Now instead of a normal random walk lets try a Metropolis Hastings random walk and see what we get:

person = random.choice(states)

orbit = [MetropolisWalker(person)]

for i in range(3000000):
    orbit.append(T@orbit[-1])

orbit_dist = State.from_orbit([o.state for o in orbit])

print('distance from uniform: ', orbit_dist.dist(uniform))
orbit_dist.draw()
distance from uniform:  0.0007634611742639561

png

So as you can see the Metropolis Hastings random walk looks like it’s converging to the uniform distribution. This means that the orbit is visiting the nodes representatively instead of being biased towards nodes which greater numbers of connections. We can compare the orbits more explicitly

Warning: If your running the following it will take a long time and is not the best way of doing this:

person = random.choice(states)
uniform = State.from_uniform(states)

orbit_1 = [MetropolisWalker(person)]
orbit_2 = [Walker(person)]

differences_1 = []
differences_2 = []

for i in range(30000):
    orbit_1.append(T@orbit_1[-1])
    orbit_2.append(T@orbit_2[-1])
    orbit_dist_1 = State.from_orbit([o.state for o in orbit_1])
    orbit_dist_2 = State.from_orbit([o.state for o in orbit_2])
    differences_1.append(orbit_dist_1.dist(uniform))
    differences_2.append(orbit_dist_2.dist(uniform))

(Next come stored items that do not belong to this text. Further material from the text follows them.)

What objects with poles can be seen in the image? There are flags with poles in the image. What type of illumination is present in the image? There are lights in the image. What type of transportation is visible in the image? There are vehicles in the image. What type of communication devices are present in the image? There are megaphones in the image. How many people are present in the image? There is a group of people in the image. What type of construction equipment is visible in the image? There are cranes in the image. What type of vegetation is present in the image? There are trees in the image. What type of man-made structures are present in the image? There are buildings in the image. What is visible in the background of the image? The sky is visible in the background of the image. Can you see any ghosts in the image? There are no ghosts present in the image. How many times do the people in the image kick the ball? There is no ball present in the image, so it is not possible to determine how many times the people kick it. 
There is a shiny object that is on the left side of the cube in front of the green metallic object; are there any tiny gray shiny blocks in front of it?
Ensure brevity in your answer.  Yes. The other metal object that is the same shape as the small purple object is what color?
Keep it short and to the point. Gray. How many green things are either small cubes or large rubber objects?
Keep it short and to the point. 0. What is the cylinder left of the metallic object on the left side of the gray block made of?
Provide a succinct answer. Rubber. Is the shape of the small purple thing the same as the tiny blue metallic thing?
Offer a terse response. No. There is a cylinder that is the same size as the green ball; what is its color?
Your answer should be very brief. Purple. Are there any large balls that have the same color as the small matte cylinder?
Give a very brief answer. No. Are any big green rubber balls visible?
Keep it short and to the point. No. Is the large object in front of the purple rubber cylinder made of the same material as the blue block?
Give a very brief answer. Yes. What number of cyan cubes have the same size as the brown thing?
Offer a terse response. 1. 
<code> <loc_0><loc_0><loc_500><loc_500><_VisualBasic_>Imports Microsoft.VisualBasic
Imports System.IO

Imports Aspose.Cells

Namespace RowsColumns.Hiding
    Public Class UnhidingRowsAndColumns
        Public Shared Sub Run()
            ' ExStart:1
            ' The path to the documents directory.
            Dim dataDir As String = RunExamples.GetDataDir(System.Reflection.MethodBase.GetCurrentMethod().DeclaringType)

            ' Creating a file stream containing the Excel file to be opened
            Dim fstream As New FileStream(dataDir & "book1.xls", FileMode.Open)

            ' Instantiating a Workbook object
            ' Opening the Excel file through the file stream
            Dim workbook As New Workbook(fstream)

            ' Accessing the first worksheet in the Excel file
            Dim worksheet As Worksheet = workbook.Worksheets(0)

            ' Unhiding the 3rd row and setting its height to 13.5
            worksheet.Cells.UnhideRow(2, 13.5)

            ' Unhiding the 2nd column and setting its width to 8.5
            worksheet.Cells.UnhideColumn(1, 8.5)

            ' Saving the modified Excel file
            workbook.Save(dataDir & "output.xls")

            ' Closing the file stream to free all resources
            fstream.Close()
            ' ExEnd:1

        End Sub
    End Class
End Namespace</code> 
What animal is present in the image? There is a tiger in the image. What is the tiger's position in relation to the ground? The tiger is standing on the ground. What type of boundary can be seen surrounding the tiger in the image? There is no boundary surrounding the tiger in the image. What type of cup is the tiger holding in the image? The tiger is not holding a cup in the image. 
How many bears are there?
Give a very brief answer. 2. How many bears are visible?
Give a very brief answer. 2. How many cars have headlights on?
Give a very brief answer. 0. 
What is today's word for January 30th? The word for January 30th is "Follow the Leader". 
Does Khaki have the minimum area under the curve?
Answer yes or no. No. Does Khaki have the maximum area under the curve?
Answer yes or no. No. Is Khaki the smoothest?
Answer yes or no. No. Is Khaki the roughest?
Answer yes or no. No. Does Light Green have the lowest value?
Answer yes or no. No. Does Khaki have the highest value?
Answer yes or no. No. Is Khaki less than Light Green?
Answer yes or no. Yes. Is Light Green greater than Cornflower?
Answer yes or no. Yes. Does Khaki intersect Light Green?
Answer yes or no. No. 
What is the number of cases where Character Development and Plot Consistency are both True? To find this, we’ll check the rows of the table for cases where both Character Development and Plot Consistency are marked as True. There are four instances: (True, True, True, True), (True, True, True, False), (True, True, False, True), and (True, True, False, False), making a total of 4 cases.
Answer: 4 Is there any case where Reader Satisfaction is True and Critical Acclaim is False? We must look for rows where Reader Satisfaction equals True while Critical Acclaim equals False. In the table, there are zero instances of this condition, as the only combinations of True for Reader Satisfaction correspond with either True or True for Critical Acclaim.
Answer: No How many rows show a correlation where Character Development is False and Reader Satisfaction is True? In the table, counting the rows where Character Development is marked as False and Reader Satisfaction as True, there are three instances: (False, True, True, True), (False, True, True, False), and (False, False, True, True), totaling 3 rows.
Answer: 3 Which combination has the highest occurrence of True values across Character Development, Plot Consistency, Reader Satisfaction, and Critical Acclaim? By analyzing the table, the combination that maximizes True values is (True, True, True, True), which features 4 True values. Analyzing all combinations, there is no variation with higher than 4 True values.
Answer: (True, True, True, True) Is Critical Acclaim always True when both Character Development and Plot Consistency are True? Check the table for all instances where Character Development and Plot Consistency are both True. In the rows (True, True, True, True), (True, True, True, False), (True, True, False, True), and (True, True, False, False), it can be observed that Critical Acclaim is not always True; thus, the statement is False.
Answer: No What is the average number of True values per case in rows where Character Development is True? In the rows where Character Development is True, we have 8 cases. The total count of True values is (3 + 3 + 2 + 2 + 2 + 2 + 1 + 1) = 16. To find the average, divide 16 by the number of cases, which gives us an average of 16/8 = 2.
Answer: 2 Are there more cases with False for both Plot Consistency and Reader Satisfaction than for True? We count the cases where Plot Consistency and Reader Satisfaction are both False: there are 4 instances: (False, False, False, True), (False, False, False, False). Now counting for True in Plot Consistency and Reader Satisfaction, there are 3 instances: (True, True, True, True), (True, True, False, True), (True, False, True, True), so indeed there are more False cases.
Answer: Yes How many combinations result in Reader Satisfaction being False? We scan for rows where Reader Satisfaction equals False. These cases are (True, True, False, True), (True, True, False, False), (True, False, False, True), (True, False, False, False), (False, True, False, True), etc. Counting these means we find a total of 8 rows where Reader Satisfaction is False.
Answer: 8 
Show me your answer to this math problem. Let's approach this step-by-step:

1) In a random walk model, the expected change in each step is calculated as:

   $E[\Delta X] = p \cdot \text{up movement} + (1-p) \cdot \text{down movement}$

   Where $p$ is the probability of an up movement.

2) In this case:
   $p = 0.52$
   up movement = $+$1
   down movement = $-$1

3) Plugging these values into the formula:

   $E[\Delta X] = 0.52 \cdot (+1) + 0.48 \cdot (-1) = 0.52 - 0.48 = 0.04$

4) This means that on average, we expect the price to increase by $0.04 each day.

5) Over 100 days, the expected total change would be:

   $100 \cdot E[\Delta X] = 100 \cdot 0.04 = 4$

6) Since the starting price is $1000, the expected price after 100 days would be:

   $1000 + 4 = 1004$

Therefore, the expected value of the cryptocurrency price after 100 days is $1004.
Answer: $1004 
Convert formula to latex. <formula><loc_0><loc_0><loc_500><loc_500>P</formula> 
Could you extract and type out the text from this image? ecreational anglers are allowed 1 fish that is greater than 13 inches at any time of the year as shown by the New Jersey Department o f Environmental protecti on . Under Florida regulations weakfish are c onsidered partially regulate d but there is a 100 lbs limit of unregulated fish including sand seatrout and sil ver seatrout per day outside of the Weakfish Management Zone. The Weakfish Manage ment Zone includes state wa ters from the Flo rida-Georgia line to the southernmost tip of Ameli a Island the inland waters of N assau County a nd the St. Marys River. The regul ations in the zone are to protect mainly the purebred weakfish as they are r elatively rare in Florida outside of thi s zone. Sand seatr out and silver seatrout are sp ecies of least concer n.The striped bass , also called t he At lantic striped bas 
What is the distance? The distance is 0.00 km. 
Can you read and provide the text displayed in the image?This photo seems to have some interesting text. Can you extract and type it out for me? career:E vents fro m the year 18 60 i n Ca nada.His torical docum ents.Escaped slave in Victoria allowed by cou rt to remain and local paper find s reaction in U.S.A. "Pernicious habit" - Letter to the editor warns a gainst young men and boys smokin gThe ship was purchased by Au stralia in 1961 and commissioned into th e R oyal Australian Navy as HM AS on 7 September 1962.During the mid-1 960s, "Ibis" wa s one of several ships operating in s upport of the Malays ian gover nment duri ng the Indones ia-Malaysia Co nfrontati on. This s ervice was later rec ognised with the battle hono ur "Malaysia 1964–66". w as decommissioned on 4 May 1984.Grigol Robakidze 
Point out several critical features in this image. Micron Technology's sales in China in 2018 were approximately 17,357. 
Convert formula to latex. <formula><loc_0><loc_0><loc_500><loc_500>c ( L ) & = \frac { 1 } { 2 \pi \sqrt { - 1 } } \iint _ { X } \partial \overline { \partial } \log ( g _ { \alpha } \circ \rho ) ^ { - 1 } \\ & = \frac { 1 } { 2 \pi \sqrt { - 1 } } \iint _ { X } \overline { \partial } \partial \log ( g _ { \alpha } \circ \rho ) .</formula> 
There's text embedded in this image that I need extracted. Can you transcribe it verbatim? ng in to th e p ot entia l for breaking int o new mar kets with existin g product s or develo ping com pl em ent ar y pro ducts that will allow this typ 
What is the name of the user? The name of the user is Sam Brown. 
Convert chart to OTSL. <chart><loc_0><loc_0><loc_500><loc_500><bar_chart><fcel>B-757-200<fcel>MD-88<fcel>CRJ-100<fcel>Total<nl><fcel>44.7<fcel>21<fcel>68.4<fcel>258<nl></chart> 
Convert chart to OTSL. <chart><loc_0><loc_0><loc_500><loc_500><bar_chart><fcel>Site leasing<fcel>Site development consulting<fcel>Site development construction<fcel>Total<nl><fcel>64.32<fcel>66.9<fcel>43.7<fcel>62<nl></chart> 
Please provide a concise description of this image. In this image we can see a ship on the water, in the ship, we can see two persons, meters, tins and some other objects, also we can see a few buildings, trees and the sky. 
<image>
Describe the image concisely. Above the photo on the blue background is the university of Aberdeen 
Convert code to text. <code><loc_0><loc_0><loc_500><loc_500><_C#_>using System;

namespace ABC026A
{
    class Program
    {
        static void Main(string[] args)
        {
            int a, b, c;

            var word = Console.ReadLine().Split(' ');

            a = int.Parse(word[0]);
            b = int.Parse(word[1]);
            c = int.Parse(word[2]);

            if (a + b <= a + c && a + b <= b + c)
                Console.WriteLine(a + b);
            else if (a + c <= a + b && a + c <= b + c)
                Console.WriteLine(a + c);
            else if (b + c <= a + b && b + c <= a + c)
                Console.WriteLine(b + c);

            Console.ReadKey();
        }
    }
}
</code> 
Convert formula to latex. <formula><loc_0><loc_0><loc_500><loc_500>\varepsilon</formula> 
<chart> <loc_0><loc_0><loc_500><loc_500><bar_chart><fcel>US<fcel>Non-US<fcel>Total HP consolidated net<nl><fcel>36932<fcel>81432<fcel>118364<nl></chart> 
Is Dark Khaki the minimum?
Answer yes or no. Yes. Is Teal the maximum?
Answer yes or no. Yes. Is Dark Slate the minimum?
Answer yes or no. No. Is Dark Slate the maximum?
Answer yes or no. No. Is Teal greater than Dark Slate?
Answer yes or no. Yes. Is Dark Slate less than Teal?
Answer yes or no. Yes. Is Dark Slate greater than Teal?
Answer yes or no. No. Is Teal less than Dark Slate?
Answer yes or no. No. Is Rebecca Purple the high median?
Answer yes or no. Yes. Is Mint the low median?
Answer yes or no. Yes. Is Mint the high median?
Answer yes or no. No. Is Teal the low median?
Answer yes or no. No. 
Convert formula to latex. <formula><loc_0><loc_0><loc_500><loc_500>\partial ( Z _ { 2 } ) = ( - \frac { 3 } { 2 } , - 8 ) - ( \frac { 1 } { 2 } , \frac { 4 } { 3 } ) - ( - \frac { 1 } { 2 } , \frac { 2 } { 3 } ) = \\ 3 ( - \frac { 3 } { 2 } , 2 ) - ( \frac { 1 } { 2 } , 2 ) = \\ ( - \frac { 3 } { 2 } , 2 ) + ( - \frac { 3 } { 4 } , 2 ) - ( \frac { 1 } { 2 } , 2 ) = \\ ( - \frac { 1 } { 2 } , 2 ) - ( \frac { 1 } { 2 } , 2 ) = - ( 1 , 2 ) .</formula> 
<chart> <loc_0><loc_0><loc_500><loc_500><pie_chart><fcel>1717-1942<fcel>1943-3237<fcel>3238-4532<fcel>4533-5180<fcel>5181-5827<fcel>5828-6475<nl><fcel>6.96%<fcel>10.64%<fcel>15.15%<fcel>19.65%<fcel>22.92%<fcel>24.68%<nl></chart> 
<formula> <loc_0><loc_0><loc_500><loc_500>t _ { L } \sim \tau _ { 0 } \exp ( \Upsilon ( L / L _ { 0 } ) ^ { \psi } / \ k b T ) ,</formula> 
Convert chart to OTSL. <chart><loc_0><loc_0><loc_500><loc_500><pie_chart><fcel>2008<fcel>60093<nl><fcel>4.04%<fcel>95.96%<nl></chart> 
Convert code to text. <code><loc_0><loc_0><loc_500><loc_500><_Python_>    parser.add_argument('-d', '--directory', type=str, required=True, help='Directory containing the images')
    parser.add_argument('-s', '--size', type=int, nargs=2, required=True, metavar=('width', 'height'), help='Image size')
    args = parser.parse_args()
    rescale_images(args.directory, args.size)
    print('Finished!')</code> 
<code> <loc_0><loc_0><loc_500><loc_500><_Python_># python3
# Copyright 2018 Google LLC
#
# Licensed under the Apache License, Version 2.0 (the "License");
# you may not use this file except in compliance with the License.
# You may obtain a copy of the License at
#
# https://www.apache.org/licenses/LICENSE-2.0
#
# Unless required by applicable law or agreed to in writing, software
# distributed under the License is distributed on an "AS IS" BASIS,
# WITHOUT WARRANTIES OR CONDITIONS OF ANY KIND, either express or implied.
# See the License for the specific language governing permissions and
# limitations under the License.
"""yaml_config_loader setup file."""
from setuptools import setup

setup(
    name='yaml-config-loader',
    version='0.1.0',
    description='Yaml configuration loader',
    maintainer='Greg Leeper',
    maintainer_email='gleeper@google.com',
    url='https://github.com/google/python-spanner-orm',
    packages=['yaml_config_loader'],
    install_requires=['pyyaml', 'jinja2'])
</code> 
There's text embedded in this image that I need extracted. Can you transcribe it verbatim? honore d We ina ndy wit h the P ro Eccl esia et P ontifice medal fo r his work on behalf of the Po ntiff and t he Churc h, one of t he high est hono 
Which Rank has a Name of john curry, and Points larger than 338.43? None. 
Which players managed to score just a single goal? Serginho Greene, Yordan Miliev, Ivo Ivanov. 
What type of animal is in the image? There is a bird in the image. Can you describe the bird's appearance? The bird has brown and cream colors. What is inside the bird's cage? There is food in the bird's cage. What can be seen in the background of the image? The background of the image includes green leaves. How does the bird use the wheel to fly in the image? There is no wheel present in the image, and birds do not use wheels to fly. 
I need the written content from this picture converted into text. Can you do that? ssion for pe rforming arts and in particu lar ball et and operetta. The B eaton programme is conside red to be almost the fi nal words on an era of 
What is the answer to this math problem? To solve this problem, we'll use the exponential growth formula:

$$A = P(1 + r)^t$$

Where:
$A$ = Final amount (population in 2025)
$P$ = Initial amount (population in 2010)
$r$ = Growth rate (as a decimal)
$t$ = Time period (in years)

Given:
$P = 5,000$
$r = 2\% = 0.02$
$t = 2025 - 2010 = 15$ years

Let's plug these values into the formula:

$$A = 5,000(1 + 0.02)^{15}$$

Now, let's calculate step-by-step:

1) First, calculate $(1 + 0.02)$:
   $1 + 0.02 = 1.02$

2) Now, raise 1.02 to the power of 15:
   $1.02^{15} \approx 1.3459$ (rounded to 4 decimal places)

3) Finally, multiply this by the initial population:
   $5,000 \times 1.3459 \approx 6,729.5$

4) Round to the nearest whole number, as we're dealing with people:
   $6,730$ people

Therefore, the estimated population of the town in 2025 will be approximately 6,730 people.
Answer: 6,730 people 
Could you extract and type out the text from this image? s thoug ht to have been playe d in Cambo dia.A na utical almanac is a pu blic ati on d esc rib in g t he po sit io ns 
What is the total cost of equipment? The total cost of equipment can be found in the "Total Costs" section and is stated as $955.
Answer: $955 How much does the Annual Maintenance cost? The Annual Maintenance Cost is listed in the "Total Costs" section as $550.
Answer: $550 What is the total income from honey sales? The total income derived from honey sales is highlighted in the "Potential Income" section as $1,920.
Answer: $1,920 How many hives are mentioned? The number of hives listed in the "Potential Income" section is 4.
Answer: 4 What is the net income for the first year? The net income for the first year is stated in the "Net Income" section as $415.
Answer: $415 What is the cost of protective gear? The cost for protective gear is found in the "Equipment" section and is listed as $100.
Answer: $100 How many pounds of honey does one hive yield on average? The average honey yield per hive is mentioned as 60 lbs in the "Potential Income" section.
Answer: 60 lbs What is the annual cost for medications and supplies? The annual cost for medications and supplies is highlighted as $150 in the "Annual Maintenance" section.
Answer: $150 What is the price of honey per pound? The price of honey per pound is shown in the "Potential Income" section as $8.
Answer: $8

plt.plot(differences_1[1000:])
plt.plot(differences_2[1000:])
plt.title('Distance between orbit distrubutions')
plt.ylabel('difference')
plt.xlabel('time')
plt.show()

print('Metropolis walker: {}'.format(differences_1[-1]))
print('Normal walker: {}'.format(differences_2[-1]))

png

Metropolis walker: 0.0073974708134618376
Normal walker: 0.014881319869752028

The blue line above shows the convergence of the metropolis walker towards the uniform distribution while the orange is the normal random walker. You can clearly see that the orange line is bounded away from zero whereas the metropolis walker is convergent.